Canadian systems engineer

Farah Alibay is a Canadian systems engineer at the NASA Jet Propulsion Laboratory who has worked on the InSight, Mars Cube One, and Mars 2020 missions.

== Early life and education ==
The daughter of immigrants from Madagascar, Alibay was born in Montréal, Quebec. She grew up in Saint-Charles-Borromée, Quebec, and moved with her family to Manchester, England for high school. French is her native language. The journey by the Canadian astronaut Julie Payette to space inspired Alibay in middle school; as Payette was from her province, she served as a role model.

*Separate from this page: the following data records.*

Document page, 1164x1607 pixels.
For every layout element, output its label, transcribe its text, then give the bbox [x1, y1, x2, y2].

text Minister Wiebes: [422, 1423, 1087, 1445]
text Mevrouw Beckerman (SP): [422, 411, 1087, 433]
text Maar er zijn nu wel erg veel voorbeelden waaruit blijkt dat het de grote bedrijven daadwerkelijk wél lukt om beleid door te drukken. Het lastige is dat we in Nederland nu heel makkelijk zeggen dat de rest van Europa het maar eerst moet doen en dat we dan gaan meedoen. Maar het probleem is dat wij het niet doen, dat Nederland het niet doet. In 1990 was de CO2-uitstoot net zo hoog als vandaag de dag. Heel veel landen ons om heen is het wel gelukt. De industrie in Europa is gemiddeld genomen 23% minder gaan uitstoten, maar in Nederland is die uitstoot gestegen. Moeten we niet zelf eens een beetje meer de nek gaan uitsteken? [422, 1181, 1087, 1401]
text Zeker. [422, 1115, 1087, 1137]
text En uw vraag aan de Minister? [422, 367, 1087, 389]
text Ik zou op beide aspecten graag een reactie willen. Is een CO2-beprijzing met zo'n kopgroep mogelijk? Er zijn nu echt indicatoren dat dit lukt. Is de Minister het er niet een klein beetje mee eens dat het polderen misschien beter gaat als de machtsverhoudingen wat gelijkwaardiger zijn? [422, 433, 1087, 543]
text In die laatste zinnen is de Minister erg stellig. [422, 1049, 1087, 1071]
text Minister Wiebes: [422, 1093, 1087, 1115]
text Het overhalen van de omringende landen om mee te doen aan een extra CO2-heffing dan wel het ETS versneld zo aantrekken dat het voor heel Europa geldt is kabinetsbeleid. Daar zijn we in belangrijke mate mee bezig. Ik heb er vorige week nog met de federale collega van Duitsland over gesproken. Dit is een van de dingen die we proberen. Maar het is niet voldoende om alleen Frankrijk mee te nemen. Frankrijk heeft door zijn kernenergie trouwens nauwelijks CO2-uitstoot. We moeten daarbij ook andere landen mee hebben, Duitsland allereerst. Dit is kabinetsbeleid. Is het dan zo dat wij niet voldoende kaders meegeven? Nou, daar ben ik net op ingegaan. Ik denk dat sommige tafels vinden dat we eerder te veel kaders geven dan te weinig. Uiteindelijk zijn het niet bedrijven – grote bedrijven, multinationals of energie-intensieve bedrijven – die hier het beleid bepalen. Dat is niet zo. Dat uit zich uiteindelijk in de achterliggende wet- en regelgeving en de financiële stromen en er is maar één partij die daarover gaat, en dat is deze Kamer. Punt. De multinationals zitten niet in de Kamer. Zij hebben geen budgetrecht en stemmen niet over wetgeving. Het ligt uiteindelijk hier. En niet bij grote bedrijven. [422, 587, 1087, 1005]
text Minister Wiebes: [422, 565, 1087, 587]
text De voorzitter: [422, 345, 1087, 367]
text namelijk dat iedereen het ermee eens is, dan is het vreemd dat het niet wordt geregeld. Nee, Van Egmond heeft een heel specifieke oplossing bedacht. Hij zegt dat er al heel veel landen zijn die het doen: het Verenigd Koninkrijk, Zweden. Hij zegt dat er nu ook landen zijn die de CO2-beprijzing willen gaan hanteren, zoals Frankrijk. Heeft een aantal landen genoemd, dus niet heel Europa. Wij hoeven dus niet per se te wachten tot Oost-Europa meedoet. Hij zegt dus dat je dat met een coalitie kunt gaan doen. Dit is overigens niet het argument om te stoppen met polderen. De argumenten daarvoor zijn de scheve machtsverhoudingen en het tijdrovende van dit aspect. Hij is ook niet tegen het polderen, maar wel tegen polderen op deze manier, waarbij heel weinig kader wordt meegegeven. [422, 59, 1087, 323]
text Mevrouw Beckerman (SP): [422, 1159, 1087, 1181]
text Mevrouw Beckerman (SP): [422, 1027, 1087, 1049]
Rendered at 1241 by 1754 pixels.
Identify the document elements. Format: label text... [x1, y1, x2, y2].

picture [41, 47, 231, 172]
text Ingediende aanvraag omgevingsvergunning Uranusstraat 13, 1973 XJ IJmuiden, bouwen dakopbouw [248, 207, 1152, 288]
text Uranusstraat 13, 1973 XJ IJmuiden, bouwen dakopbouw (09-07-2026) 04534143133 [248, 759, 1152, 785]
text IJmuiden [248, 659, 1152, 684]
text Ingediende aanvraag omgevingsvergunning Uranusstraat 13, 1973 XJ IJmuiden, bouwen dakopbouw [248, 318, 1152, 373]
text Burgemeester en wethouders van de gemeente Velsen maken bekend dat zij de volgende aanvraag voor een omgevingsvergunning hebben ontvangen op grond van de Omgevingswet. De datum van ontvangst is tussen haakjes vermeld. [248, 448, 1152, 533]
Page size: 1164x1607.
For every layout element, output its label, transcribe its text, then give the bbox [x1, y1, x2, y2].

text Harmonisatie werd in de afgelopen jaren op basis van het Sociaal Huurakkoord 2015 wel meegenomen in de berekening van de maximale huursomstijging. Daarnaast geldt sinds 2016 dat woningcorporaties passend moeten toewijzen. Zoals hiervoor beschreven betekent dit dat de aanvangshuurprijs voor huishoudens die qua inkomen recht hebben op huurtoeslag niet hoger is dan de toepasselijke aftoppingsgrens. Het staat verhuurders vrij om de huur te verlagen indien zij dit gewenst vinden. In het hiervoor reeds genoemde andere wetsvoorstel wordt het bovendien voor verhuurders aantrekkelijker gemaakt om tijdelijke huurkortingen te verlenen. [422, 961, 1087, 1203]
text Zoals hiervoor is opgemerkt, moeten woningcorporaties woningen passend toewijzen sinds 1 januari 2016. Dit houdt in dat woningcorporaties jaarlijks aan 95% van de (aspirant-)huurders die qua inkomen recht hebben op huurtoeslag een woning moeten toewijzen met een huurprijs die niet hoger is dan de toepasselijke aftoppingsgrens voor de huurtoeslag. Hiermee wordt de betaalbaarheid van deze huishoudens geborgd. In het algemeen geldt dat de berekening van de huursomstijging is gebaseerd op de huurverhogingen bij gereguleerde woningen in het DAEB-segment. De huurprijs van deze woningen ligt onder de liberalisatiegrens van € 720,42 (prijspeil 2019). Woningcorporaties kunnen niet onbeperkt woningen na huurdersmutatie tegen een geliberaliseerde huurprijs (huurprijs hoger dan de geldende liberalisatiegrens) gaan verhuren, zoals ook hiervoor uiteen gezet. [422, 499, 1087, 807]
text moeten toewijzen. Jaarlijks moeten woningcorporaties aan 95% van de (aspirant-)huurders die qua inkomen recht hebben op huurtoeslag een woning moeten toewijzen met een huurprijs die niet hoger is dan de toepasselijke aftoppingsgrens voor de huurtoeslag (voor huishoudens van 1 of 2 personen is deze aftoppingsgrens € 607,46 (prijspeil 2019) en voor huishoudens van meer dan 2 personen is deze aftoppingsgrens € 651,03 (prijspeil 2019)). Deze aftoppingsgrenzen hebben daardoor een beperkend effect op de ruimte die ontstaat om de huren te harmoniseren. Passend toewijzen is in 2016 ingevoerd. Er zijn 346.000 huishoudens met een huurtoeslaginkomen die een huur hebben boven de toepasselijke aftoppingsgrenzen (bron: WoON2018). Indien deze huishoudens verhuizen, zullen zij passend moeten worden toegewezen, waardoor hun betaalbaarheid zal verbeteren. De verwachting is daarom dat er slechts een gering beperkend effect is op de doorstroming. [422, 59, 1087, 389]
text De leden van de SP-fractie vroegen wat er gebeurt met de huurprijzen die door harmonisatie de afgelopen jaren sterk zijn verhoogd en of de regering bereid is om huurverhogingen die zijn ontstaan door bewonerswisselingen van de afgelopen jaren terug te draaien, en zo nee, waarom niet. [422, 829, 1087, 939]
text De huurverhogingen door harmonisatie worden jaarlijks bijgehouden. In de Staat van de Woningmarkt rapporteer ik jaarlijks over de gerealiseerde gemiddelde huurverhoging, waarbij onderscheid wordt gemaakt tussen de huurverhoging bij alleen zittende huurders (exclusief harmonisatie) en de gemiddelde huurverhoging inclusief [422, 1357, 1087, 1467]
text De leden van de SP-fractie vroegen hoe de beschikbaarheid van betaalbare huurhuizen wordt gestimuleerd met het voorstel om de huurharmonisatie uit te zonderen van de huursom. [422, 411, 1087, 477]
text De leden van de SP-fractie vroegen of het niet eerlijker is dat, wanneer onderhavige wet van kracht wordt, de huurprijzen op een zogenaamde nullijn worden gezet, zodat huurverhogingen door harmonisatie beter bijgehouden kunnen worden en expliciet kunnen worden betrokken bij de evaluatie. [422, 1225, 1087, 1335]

She went to the University of Cambridge, where she received her bachelor's and master's degrees in aerospace and aerothermal engineering in 2010.

She earned her PhD in aeronautics and astronautics engineering from the Massachusetts Institute of Technology (MIT) in 2014. Her PhD research with advisor Jeffrey Hoffman focused on the use of spatially and temporally distributed multi-vehicle systems for the exploration of planetary bodies in the Solar System.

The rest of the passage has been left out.